Вместе с тем Каганович, чтобы умерить недовольство националистически настроенной части ЦК КП(б)У, вынужден был уделять впредь больше внимания проблеме «украинизации». 12 мая он выступил на заседании украинского политбюро с докладом, в котором похвастался успехами в этом деле. Тем не менее раздоры в украинском руководстве не прекращались, они то затухали на время, то разгорались с новой силой, о чем Каганович регулярно информировал Москву. В конце концов в феврале 1927 года он добился от центра снятия Шумского с должности наркома просвещения и его перевода на работу в Ленинград. Только после этого Кагановичу удалось отменить республиканский закон о главенстве украинского языка. Тем не менее сменивший Шумского на посту наркома просвещения республики Н.А. Скрыпник., подобно своему предшественнику, пытался не на словах, а на деле защищать политику «украинизации», за что в декабре на XV съезде партии был подвергнут критическому разносу. Последовавшие в ответ оправдания Скрыпника только усугубили его положение, превратив в мишень саркастических колкостей выступившего на этом форуме Ю. Ларина. Тот, будучи поддержан Кагановичем, назвал Скрыпника «очень опасным конкурентом для римского папы», известного своей претензией на непогрешимость[435].

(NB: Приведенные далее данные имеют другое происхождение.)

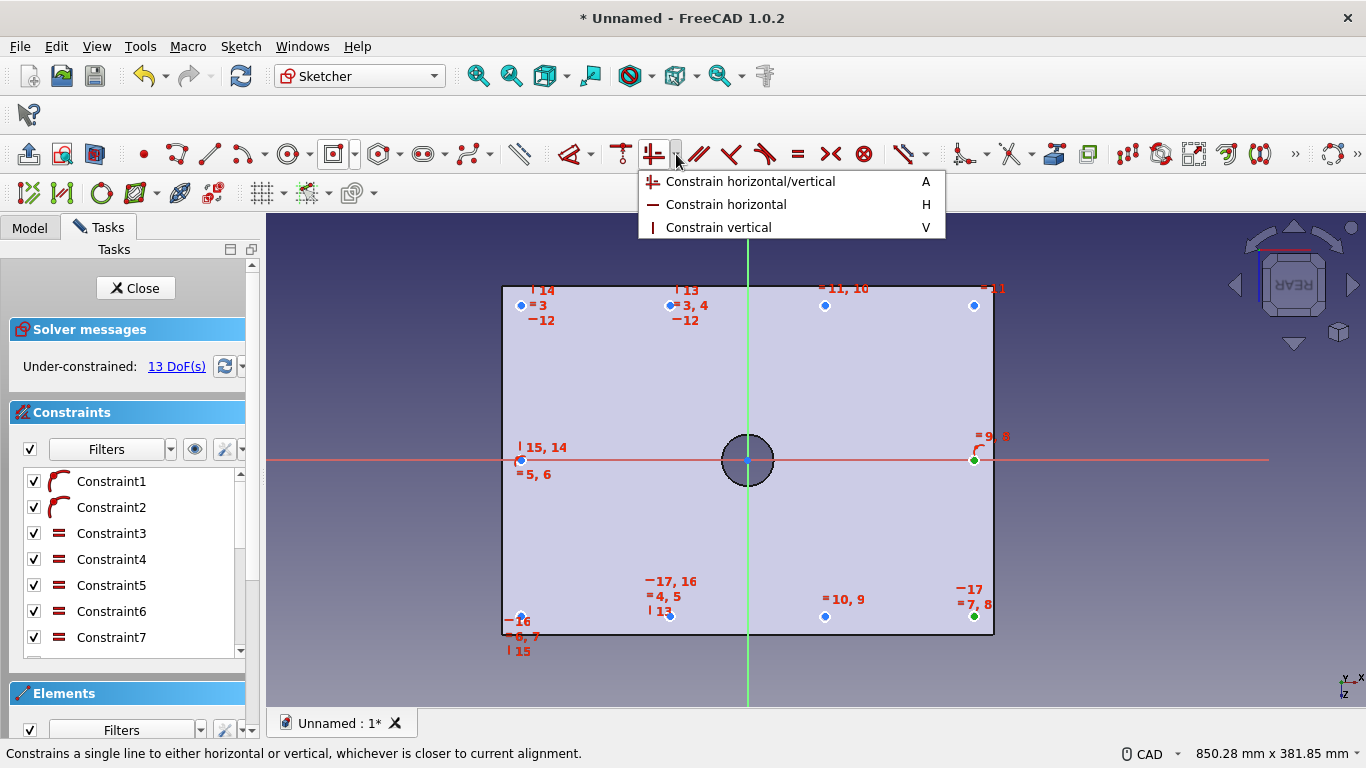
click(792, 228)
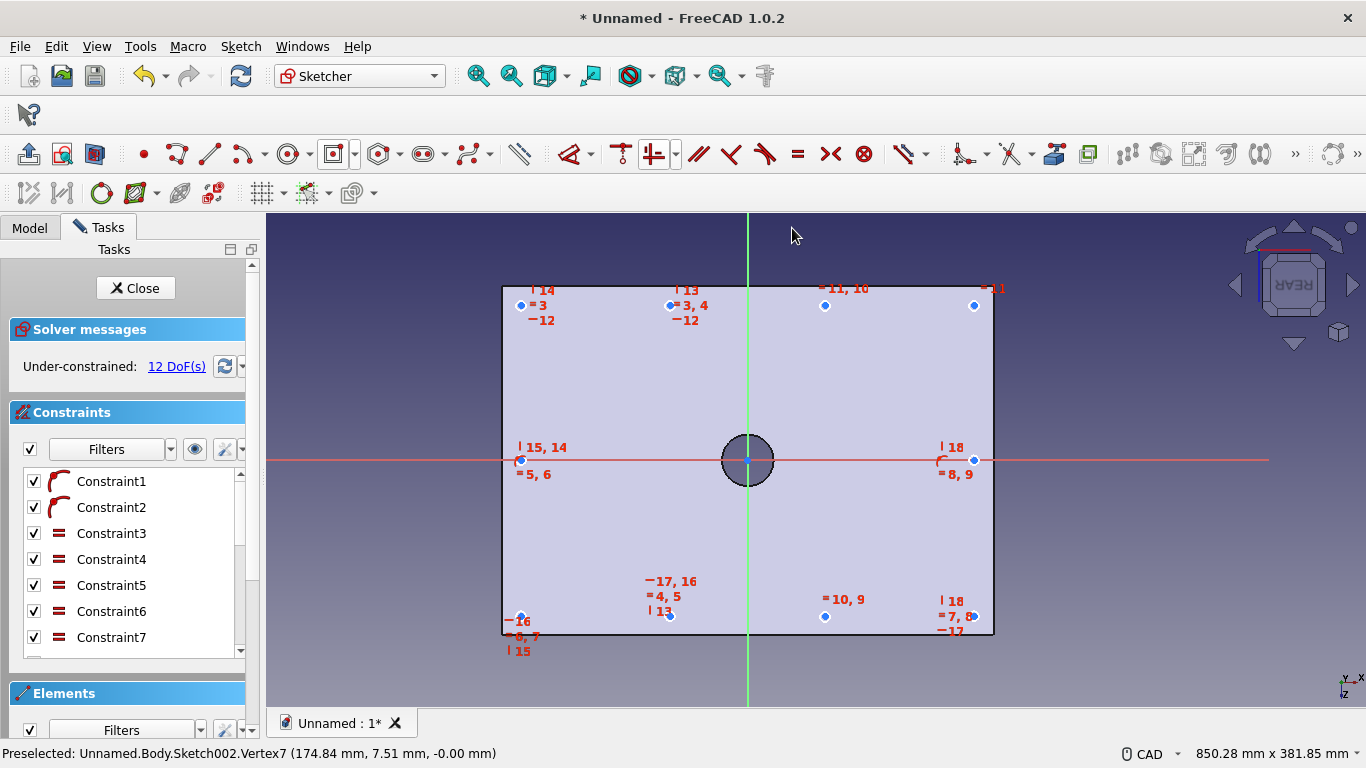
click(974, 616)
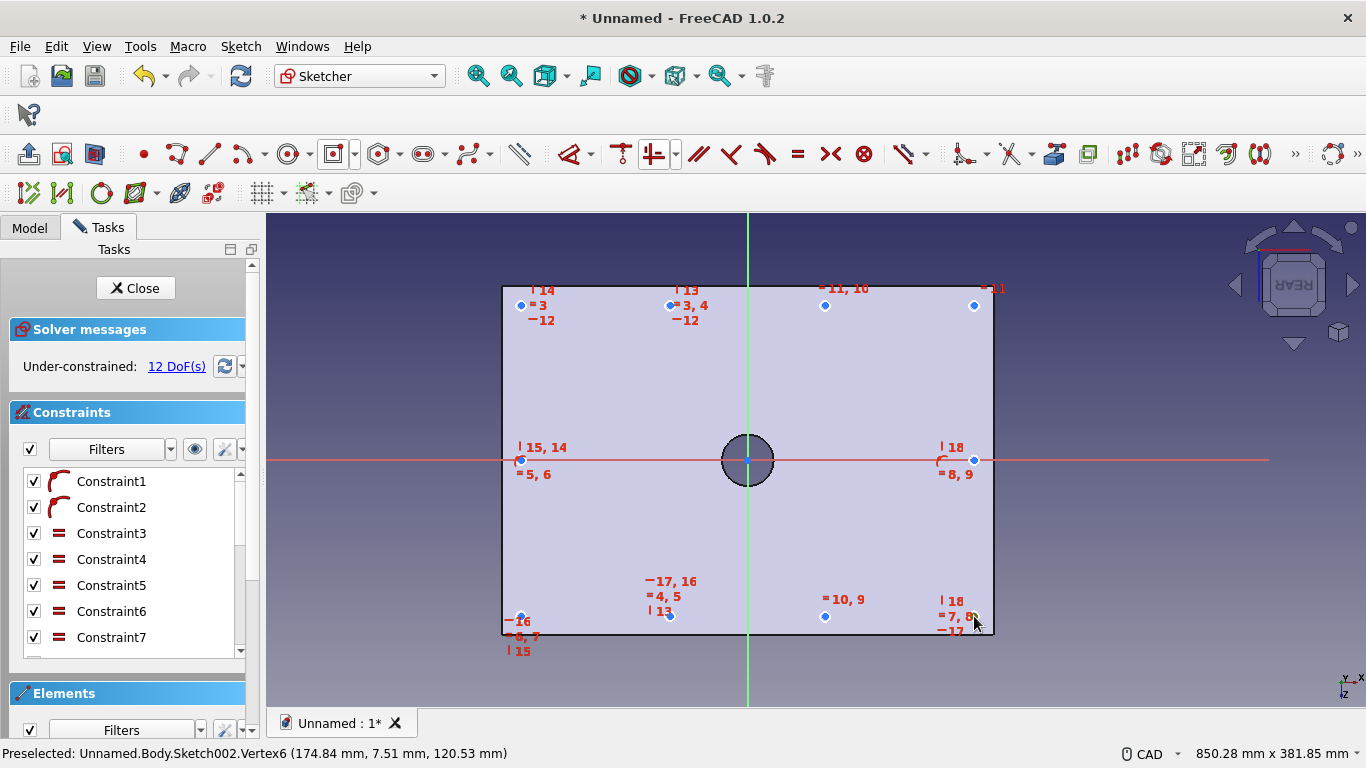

Тем временем, готовясь посредством политического «великого перелома» прибрать к рукам все бразды правления в центре и потому будучи заинтересованными в поддержке регионов, Сталин вынужден был еще раз продемонстрировать украинской партийной элите добрую волю. 24 мая 1928 г., уступая давлению противников Кагановича в украинском руководстве, он одобрил постановлением политбюро решение республиканского правительства об обязательном изучении служащими всех предприятий и организаций Украины, в том числе и союзного подчинения, украинского языка и ведении на нем всей служебной переписки. А вскоре Сталин сделал еще один подарок украинской номенклатурной верхушке: нелюбимый ею за свои откровенно сатрапские методы руководства Каганович был убран из республики. Летом Сталин отозвал его обратно в Москву, где концентрировал преданных ему людей, готовясь нанести решающий удар по Бухарину, Рыкову и другим «правым». 12 июля Каганович был назначен секретарем ЦК ВКП(б) и в последующие два года, не жалея сил и здоровья, безоговорочно поддерживал Сталина в проведении массовой коллективизации сельского хозяйства и в борьбе с бухаринской оппозицией, заслужив тем самым не только признательность вождя, но и особые знаки внимания с его стороны: 10 ноября 1930 г. было принято специальное постановление политбюро о поддержании расстроенного из-за напряженной работы здоровья Кагановича, который обязывался пройти курс лечения в Германии и «строго соблюдать предписанный врачами режим (обед не позже 5 часов, отдых до обеда — 1/2 часа, после обеда — 1 1/2 часа)». Одновременно жене Кагановича, Марии Марковне, давалось партийное поручение «иметь строгое наблюдение» за мужем и о случаях нарушения им предписанного политбюро режима «немедленно сообщать в ЦК»[436].